Selama pekan pelaksanaan pada 15–21 Juni 2026, belanja masyarakat di Yogyakarta meningkat 7,4% dibandingkan rata-rata periode sebelumnya.
Berdasarkan riset Mandiri Institute, kenaikan tersebut lebih tinggi dibandingkan MJM 2025 yang mencatat pertumbuhan belanja sebesar 4,6%.
Bahkan, Yogyakarta menjadi daerah dengan pertumbuhan konsumsi tertinggi di Pulau Jawa selama penyelenggaraan event, melampaui Bandung, Semarang, Jakarta, dan Surabaya.

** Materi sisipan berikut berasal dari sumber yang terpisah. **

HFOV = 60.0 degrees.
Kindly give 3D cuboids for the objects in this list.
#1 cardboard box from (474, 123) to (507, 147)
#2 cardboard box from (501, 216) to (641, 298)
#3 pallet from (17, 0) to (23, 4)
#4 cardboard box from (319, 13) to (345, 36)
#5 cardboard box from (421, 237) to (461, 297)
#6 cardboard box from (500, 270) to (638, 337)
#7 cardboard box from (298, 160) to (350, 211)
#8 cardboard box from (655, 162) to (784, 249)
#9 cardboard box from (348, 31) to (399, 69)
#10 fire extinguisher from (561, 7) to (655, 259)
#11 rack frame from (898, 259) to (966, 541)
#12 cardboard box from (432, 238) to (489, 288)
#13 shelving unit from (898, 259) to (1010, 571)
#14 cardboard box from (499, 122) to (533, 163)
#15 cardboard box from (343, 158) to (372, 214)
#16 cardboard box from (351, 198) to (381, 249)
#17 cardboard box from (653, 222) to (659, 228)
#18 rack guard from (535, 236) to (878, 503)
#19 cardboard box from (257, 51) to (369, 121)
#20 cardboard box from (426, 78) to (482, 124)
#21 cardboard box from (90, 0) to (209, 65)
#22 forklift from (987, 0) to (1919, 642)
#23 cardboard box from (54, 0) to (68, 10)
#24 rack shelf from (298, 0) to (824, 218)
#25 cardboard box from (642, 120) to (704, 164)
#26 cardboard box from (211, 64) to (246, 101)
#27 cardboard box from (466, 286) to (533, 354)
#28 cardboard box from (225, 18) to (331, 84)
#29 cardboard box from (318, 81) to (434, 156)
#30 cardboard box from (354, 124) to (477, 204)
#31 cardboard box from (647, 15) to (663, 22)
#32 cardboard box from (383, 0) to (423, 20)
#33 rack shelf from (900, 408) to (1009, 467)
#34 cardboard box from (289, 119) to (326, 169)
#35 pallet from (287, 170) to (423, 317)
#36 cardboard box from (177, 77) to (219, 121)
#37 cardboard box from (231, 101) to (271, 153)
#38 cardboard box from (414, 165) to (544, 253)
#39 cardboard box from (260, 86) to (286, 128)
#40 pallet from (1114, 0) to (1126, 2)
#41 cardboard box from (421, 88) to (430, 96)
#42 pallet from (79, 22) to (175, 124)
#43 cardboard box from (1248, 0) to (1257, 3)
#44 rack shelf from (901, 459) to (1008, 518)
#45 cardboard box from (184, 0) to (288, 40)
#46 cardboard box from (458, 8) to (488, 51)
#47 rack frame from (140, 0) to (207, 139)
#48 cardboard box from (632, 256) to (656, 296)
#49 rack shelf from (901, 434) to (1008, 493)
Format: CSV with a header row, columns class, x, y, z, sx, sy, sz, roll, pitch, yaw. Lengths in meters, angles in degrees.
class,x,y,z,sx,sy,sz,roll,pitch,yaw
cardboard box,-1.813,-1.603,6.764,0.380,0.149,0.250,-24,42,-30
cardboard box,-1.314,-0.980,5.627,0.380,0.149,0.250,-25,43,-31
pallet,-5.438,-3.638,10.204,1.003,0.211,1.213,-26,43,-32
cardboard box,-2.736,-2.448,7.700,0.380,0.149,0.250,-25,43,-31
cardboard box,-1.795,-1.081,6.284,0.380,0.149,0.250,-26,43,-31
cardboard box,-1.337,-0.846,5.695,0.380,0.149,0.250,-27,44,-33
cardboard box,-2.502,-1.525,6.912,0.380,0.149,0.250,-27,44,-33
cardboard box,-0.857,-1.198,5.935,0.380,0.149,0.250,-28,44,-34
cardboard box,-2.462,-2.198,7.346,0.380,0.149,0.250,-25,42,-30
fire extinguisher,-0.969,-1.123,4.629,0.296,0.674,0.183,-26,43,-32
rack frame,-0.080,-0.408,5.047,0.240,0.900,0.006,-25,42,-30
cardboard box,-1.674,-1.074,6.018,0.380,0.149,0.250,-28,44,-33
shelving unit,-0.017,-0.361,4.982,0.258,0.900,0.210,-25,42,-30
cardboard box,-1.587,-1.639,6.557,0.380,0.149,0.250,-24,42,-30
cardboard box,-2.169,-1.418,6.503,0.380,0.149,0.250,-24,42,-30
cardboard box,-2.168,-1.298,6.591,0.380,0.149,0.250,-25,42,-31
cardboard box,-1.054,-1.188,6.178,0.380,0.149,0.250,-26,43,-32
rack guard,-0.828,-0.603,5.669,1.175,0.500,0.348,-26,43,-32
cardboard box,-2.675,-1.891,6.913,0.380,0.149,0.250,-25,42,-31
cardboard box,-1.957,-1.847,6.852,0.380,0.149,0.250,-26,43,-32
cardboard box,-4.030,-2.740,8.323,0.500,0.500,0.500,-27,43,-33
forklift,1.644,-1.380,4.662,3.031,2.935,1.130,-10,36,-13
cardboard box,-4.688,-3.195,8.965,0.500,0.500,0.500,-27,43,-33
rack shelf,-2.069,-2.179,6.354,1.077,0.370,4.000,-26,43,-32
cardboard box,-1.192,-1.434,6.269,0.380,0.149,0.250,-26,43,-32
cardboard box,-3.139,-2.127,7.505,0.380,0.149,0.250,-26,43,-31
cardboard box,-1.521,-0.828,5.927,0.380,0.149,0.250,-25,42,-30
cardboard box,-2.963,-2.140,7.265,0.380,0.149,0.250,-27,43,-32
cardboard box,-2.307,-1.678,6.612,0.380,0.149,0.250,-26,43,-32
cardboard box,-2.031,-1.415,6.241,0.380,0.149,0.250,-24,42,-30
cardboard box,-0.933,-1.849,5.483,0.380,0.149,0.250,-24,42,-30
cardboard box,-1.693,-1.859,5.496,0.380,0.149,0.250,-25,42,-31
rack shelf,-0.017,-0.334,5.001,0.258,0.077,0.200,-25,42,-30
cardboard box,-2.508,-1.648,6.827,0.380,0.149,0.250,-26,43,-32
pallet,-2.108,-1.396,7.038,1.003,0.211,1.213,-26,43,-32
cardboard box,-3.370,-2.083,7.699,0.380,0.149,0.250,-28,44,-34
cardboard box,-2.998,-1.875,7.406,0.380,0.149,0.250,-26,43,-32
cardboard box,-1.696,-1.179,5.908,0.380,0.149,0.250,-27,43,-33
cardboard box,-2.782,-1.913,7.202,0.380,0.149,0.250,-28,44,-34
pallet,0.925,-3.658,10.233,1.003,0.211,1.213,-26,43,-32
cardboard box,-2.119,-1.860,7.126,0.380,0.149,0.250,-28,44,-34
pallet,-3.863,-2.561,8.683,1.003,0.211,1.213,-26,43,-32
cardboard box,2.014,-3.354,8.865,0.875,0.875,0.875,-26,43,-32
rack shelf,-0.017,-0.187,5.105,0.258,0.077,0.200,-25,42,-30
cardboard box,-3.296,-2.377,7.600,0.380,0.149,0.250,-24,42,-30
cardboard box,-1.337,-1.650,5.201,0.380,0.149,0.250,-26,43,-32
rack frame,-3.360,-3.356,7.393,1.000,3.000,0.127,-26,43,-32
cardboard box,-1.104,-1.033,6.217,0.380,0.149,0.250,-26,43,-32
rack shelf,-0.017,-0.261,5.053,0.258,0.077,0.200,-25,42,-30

Corporate Secretary Bank Mandiri, Adhika Vista mengatakan, Mandiri Jogja Marathon yang mengusung tema More Than a Race tidak hanya menjadi ajang olahraga berstandar internasional, tetapi juga mampu menggerakkan ekonomi lokal melalui peningkatan aktivitas sektor pariwisata, akomodasi, transportasi, kuliner, perdagangan, hingga UMKM.
"Mandiri Jogja Marathon menjadi platform yang menciptakan dampak ekonomi nyata dan memperkuat ekosistem sport tourism sekaligus memberikan manfaat bagi masyarakat, pelaku usaha, dan daerah," ujar Adhika, Jumat (3/7/2026).
Riset juga menunjukkan, pertumbuhan belanja masyarakat di Yogyakarta selama penyelenggaraan MJM mencapai 7,3% secara mingguan (WoW), jauh lebih tinggi dibandingkan rata-rata kenaikan 0,5% pada pekan-pekan sebelumnya.
Capaian ini menjadi akselerasi pertumbuhan konsumsi tertinggi dalam empat tahun terakhir sejak 2023.
Bank Mandiri menegaskan akan terus mendukung pengembangan sport tourism nasional melalui kolaborasi dengan berbagai pemangku kepentingan guna mendorong pertumbuhan ekonomi daerah secara berkelanjutan.